No documento ISABELLE KAROLLINE CHAVES DE OLIVEIRA (páginas 109-114)

3- AS PROPOSTAS PEDAGÓGICAS DOS DIRETORES E INSPETORES DA

3.3 O instituto para anormais

O documento de 1911 apresenta uma nova preocupação dos inspetores e da diretoria geral da instrução pública: a educação dos alunos “anormais” que, conforme assinalado, já vinha sendo pauta dos “países adiantados”.

O movimento em relação à educação do anormal é citado como um ato de solidariedade, uma ação que auxiliaria no avanço do país, pois todos os cidadãos deveriam ter o direito à instrução para que pudessem ingressar no mercado de trabalho.

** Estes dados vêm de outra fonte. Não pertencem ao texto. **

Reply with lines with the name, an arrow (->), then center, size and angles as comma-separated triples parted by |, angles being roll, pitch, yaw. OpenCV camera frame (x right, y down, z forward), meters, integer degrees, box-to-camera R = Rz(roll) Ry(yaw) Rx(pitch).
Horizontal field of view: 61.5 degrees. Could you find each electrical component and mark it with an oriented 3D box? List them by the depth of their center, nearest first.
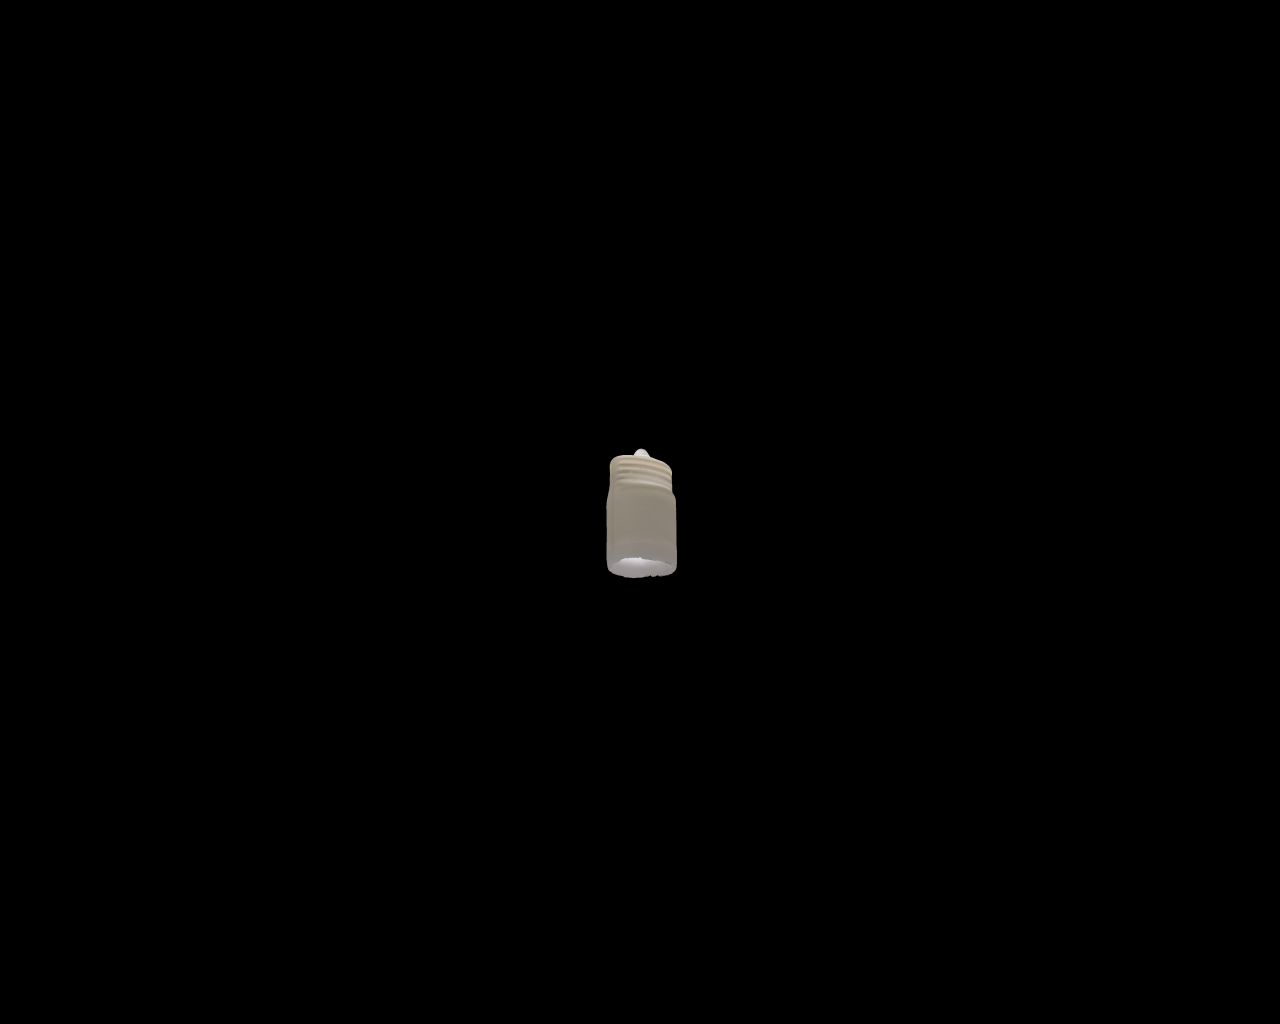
electrical component -> 0.001, -0.003, 0.650 | 0.043, 0.081, 0.043 | 0, -20, 0

Com effeito, si todas as crianças, qualquer que seja a sua condição social precisam da instrucção, como instrumento indispensável de trabalho e aperfeiçoamento moral, com muito mais razão aquellas, que, por um defeito congênito ou por um desenvolvimento desigual do seu organismo, se tornaram incapazes para a acquisição dos meios de que precisam para lucta pela vida e para o desempenho do seu papel na sociedade em que vivem. (ANNUARIOS,1911, p.26)

Há uma sugestão para o governo do estado de São Paulo, como estado mais preocupado com a instrução pública em atuar em todas as direções, em especial as crianças “anormais”, como um benefício para as famílias, a sociedade e economicamente viável ao governo: “em vez de um fardo inútil e pesado para a família e sociedade, um elemento útil e proveitoso, capaz de concorrer, na medida das suas forças e condições em benefício dos mesmos.” (ANNUARIOS,1911, p.27).

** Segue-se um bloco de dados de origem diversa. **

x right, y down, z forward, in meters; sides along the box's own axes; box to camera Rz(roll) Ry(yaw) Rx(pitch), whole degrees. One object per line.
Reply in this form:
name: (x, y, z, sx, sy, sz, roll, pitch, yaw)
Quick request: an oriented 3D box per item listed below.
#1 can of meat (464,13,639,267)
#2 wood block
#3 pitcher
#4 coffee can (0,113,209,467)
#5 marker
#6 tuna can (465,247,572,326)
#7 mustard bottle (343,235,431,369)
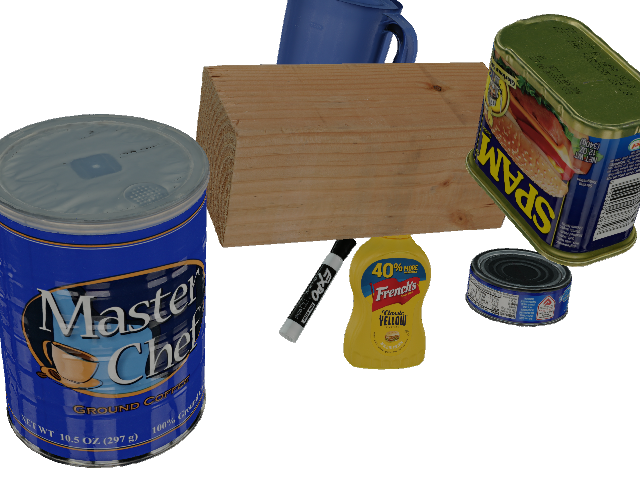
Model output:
can of meat: (0.121, -0.052, 0.535, 0.057, 0.084, 0.102, -16, 46, -20)
wood block: (0.026, -0.062, 0.731, 0.205, 0.090, 0.091, -4, 40, -19)
pitcher: (0.012, -0.175, 1.248, 0.145, 0.243, 0.149, 8, 23, -12)
coffee can: (-0.106, 0.024, 0.518, 0.103, 0.140, 0.103, 3, 32, -2)
marker: (-0.001, 0.042, 1.018, 0.020, 0.121, 0.020, 29, -18, 10)
tuna can: (0.166, 0.038, 0.893, 0.086, 0.034, 0.086, 3, 23, -1)
mustard bottle: (0.081, 0.054, 1.256, 0.096, 0.192, 0.058, 1, 14, -12)

Com essa justificativa, solicita-se ao Sr. Secretário do interior que viabilize ações para atender esse público, como uma condição humanitária, deixando a cargo

do professor Miguel Carneiro Junior, encarregado de realizar os estudos sobre o assunto.

A solicitação específica para criação de um instituto para alunos “anormais” acontece pela primeira vez em 1911 e é reforçada no Anuário de 1913, colocando como pauta de extrema “importância e conveniência de se crearem escolas dessa natureza.” (1913, p. X).

Em 1915, novamente surge o relato sobre a criação de um instituto para “anormais”.

A idéa corresponde, sem dúvidas, a uma grande necessidade e o Governo accorrerá certamente á sua realização, no menor praso possivel, como acontece sempre que um emprehendimento de ordem pública reclama sua attenção e seu concurso. (ANNUARIOS,1915, p.XXI)

Segundo o Diretor Geral (1915), houve um volumoso crescimento da população de infelizes e inúteis, tornando-os fardos às famílias e ao Estado, por isso havia a necessidade de o governo garantir a proteção e a assistência para torná-los aptos ao trabalho e “proveitosos a sociedade” (p. XXI).

Assevera ainda que, na capital, o instituto privado de surdos-mudos poderia ser de alguma forma aproveitado para a constituição do instituto em São Paulo, já que esse, apesar de particular, recebia auxílio do Estado.

No anuário de 1917, é mencionada uma reforma no ensino de educação das pessoas “anormais”, notificando a existência de um Instituto de Surdos-Mudos mantido pelo Prof. Nicolau Carusone40, que atendia 95 alunos e apresentava excelentes resultados.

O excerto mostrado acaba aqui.